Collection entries
● ● ● ● ●

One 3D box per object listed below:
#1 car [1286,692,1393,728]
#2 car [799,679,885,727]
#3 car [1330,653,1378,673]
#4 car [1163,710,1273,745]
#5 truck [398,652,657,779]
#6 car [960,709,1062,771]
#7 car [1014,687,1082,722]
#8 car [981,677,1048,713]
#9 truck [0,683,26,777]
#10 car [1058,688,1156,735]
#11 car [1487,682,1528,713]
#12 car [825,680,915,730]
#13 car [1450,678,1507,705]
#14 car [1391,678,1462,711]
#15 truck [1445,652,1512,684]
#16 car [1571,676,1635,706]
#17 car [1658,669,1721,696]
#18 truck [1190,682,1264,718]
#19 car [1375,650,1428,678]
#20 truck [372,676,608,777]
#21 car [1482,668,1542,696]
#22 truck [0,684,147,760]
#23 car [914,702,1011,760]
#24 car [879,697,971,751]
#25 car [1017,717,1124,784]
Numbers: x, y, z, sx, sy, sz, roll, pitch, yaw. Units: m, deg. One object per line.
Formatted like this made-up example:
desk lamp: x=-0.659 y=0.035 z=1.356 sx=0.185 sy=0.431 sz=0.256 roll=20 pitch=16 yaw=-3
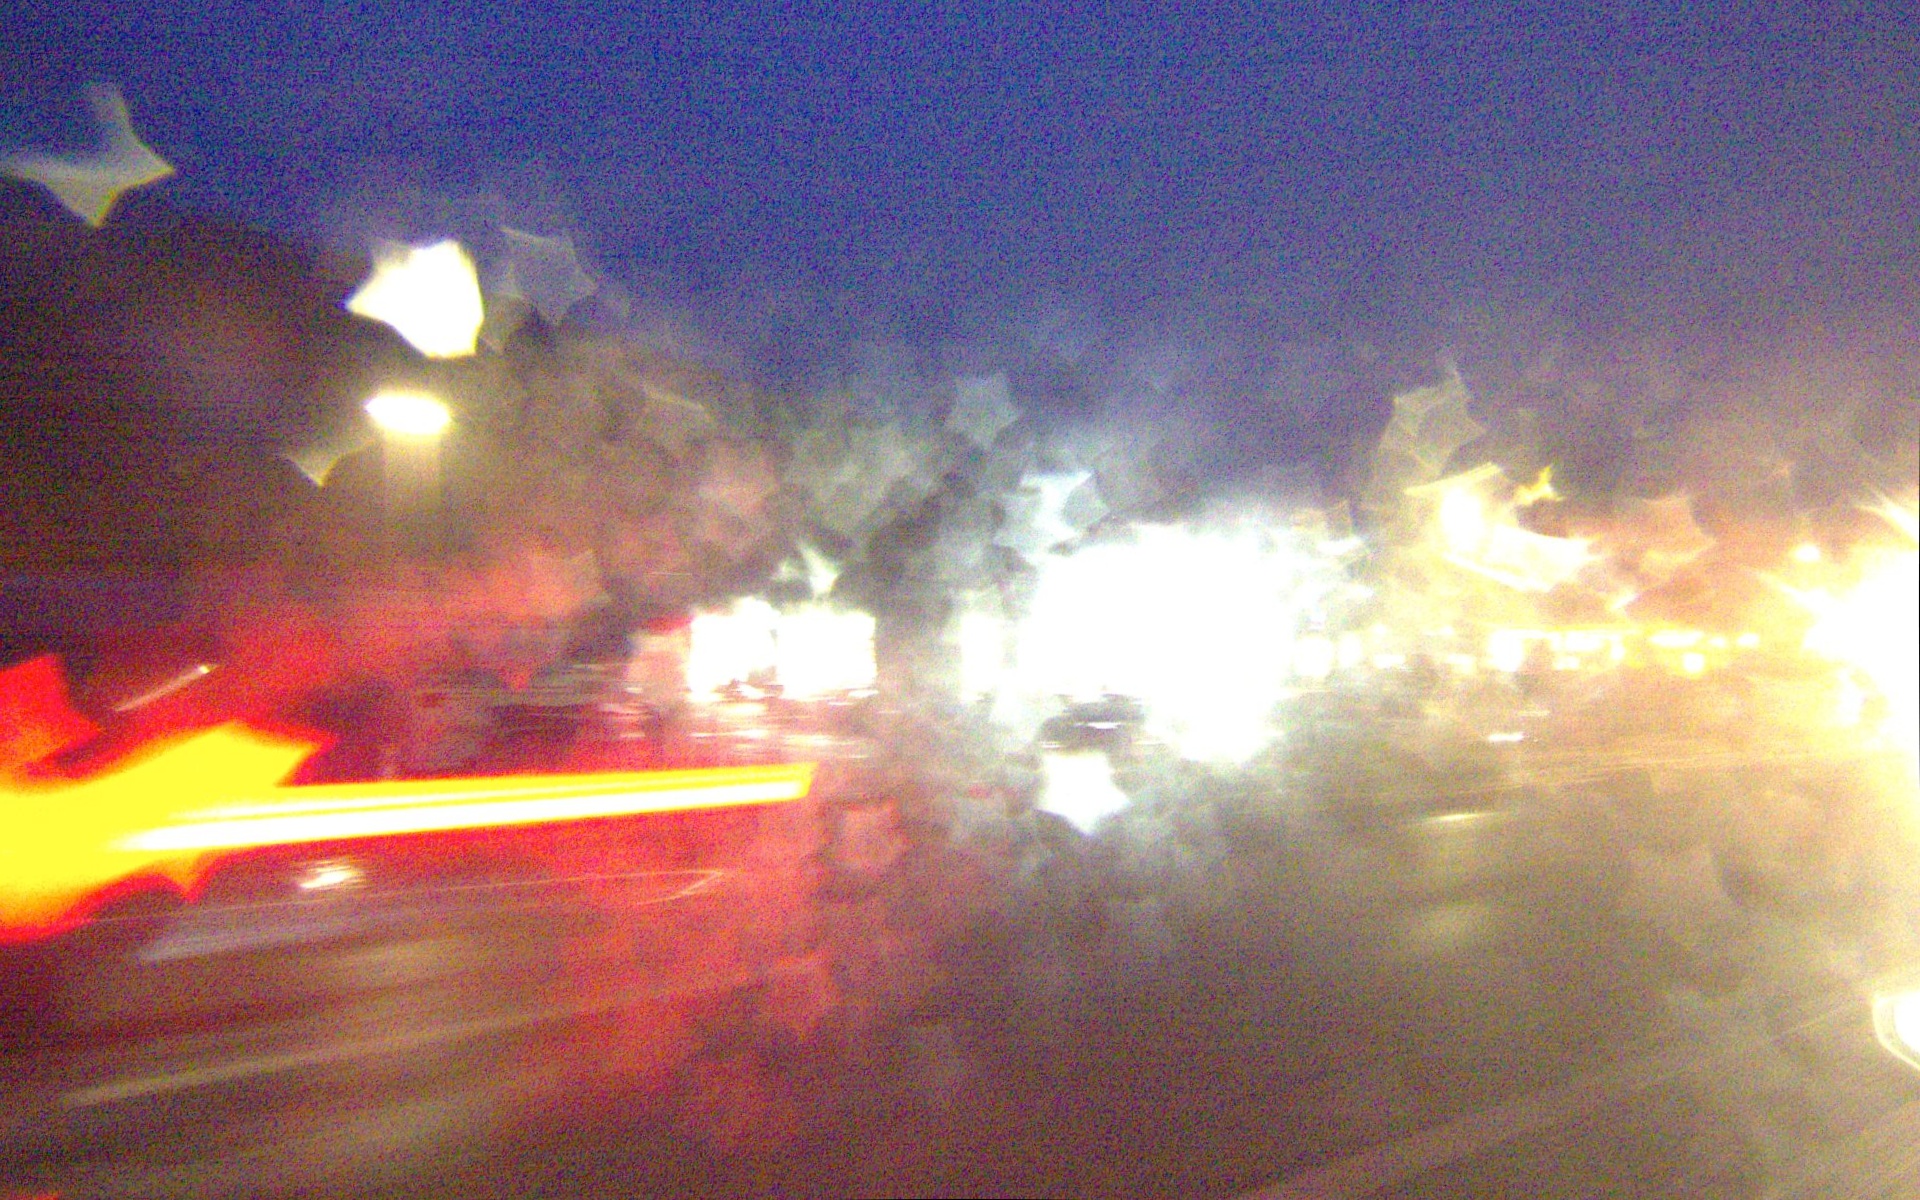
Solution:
car: x=16.081 y=4.683 z=42.790 sx=1.888 sy=1.473 sz=3.973 roll=2 pitch=-7 yaw=-28
car: x=-5.870 y=5.082 z=50.055 sx=3.965 sy=2.040 sz=1.720 roll=1 pitch=0 yaw=-39
car: x=36.233 y=5.778 z=92.412 sx=3.946 sy=1.735 sz=1.853 roll=2 pitch=0 yaw=-25
car: x=9.769 y=4.829 z=38.314 sx=1.825 sy=1.216 sz=3.973 roll=2 pitch=-7 yaw=-28
truck: x=-13.216 y=3.478 z=31.024 sx=6.978 sy=3.523 sz=2.453 roll=3 pitch=-7 yaw=-34
car: x=1.995 y=5.376 z=38.897 sx=3.688 sy=1.932 sz=1.704 roll=1 pitch=0 yaw=-37
car: x=4.988 y=5.959 z=57.242 sx=1.976 sy=1.879 sz=3.973 roll=2 pitch=-7 yaw=-28
car: x=2.998 y=5.283 z=55.673 sx=1.909 sy=1.879 sz=3.973 roll=2 pitch=-7 yaw=-28
truck: x=-35.111 y=4.295 z=32.533 sx=6.621 sy=3.083 sz=2.158 roll=3 pitch=-6 yaw=-32
car: x=6.598 y=4.966 z=45.159 sx=3.928 sy=1.662 sz=1.996 roll=1 pitch=0 yaw=29
car: x=29.461 y=5.241 z=54.144 sx=1.784 sy=1.587 sz=4.204 roll=-3 pitch=-5 yaw=27
car: x=-4.225 y=4.931 z=47.625 sx=3.965 sy=2.040 sz=1.720 roll=1 pitch=0 yaw=-39
car: x=32.630 y=5.727 z=63.243 sx=3.476 sy=1.638 sz=1.671 roll=2 pitch=-5 yaw=-33
car: x=24.220 y=4.871 z=52.075 sx=1.972 sy=1.587 sz=4.829 roll=-5 pitch=-6 yaw=42
truck: x=43.458 y=5.672 z=84.117 sx=6.429 sy=2.495 sz=2.304 roll=2 pitch=-1 yaw=-36
car: x=36.613 y=5.165 z=57.154 sx=3.476 sy=1.638 sz=1.736 roll=2 pitch=-6 yaw=-33
car: x=45.932 y=5.195 z=63.242 sx=3.954 sy=1.616 sz=1.764 roll=2 pitch=-7 yaw=-31
truck: x=16.953 y=6.328 z=63.724 sx=4.448 sy=2.145 sz=2.072 roll=2 pitch=-7 yaw=-33
car: x=38.781 y=5.612 z=88.229 sx=4.402 sy=2.295 sz=1.986 roll=2 pitch=0 yaw=-27
truck: x=-15.999 y=4.226 z=34.462 sx=6.981 sy=3.136 sz=2.420 roll=3 pitch=-7 yaw=-35
car: x=33.542 y=4.978 z=61.026 sx=3.476 sy=1.638 sz=1.736 roll=2 pitch=-6 yaw=-33
truck: x=-36.178 y=4.720 z=39.009 sx=6.794 sy=2.839 sz=2.158 roll=3 pitch=-6 yaw=-32
car: x=0.132 y=5.295 z=40.929 sx=3.688 sy=1.932 sz=1.704 roll=1 pitch=0 yaw=-37
car: x=-1.500 y=5.297 z=43.376 sx=3.688 sy=1.932 sz=1.704 roll=1 pitch=0 yaw=-37
car: x=4.039 y=5.406 z=36.504 sx=3.688 sy=1.932 sz=1.704 roll=1 pitch=0 yaw=-37

● ● ● ● ●

§ Task details
An exact copy of every entry above is needed, minus the pictures.

§ Answer space
One 3D box per object listed below:
#1 car [1286,692,1393,728]
#2 car [799,679,885,727]
#3 car [1330,653,1378,673]
#4 car [1163,710,1273,745]
#5 truck [398,652,657,779]
#6 car [960,709,1062,771]
#7 car [1014,687,1082,722]
#8 car [981,677,1048,713]
#9 truck [0,683,26,777]
#10 car [1058,688,1156,735]
#11 car [1487,682,1528,713]
#12 car [825,680,915,730]
#13 car [1450,678,1507,705]
#14 car [1391,678,1462,711]
#15 truck [1445,652,1512,684]
#16 car [1571,676,1635,706]
#17 car [1658,669,1721,696]
#18 truck [1190,682,1264,718]
#19 car [1375,650,1428,678]
#20 truck [372,676,608,777]
#21 car [1482,668,1542,696]
#22 truck [0,684,147,760]
#23 car [914,702,1011,760]
#24 car [879,697,971,751]
#25 car [1017,717,1124,784]
Numbers: x, y, z, sx, sy, sz, roll, pitch, yaw. Units: m, deg. One object per line.
Formatted like this made-up example:
desk lamp: x=-0.659 y=0.035 z=1.356 sx=0.185 sy=0.431 sz=0.256 roll=20 pitch=16 yaw=-3
Solution:
car: x=16.081 y=4.683 z=42.790 sx=1.888 sy=1.473 sz=3.973 roll=2 pitch=-7 yaw=-28
car: x=-5.870 y=5.082 z=50.055 sx=3.965 sy=2.040 sz=1.720 roll=1 pitch=0 yaw=-39
car: x=36.233 y=5.778 z=92.412 sx=3.946 sy=1.735 sz=1.853 roll=2 pitch=0 yaw=-25
car: x=9.769 y=4.829 z=38.314 sx=1.825 sy=1.216 sz=3.973 roll=2 pitch=-7 yaw=-28
truck: x=-13.216 y=3.478 z=31.024 sx=6.978 sy=3.523 sz=2.453 roll=3 pitch=-7 yaw=-34
car: x=1.995 y=5.376 z=38.897 sx=3.688 sy=1.932 sz=1.704 roll=1 pitch=0 yaw=-37
car: x=4.988 y=5.959 z=57.242 sx=1.976 sy=1.879 sz=3.973 roll=2 pitch=-7 yaw=-28
car: x=2.998 y=5.283 z=55.673 sx=1.909 sy=1.879 sz=3.973 roll=2 pitch=-7 yaw=-28
truck: x=-35.111 y=4.295 z=32.533 sx=6.621 sy=3.083 sz=2.158 roll=3 pitch=-6 yaw=-32
car: x=6.598 y=4.966 z=45.159 sx=3.928 sy=1.662 sz=1.996 roll=1 pitch=0 yaw=29
car: x=29.461 y=5.241 z=54.144 sx=1.784 sy=1.587 sz=4.204 roll=-3 pitch=-5 yaw=27
car: x=-4.225 y=4.931 z=47.625 sx=3.965 sy=2.040 sz=1.720 roll=1 pitch=0 yaw=-39
car: x=32.630 y=5.727 z=63.243 sx=3.476 sy=1.638 sz=1.671 roll=2 pitch=-5 yaw=-33
car: x=24.220 y=4.871 z=52.075 sx=1.972 sy=1.587 sz=4.829 roll=-5 pitch=-6 yaw=42
truck: x=43.458 y=5.672 z=84.117 sx=6.429 sy=2.495 sz=2.304 roll=2 pitch=-1 yaw=-36
car: x=36.613 y=5.165 z=57.154 sx=3.476 sy=1.638 sz=1.736 roll=2 pitch=-6 yaw=-33
car: x=45.932 y=5.195 z=63.242 sx=3.954 sy=1.616 sz=1.764 roll=2 pitch=-7 yaw=-31
truck: x=16.953 y=6.328 z=63.724 sx=4.448 sy=2.145 sz=2.072 roll=2 pitch=-7 yaw=-33
car: x=38.781 y=5.612 z=88.229 sx=4.402 sy=2.295 sz=1.986 roll=2 pitch=0 yaw=-27
truck: x=-15.999 y=4.226 z=34.462 sx=6.981 sy=3.136 sz=2.420 roll=3 pitch=-7 yaw=-35
car: x=33.542 y=4.978 z=61.026 sx=3.476 sy=1.638 sz=1.736 roll=2 pitch=-6 yaw=-33
truck: x=-36.178 y=4.720 z=39.009 sx=6.794 sy=2.839 sz=2.158 roll=3 pitch=-6 yaw=-32
car: x=0.132 y=5.295 z=40.929 sx=3.688 sy=1.932 sz=1.704 roll=1 pitch=0 yaw=-37
car: x=-1.500 y=5.297 z=43.376 sx=3.688 sy=1.932 sz=1.704 roll=1 pitch=0 yaw=-37
car: x=4.039 y=5.406 z=36.504 sx=3.688 sy=1.932 sz=1.704 roll=1 pitch=0 yaw=-37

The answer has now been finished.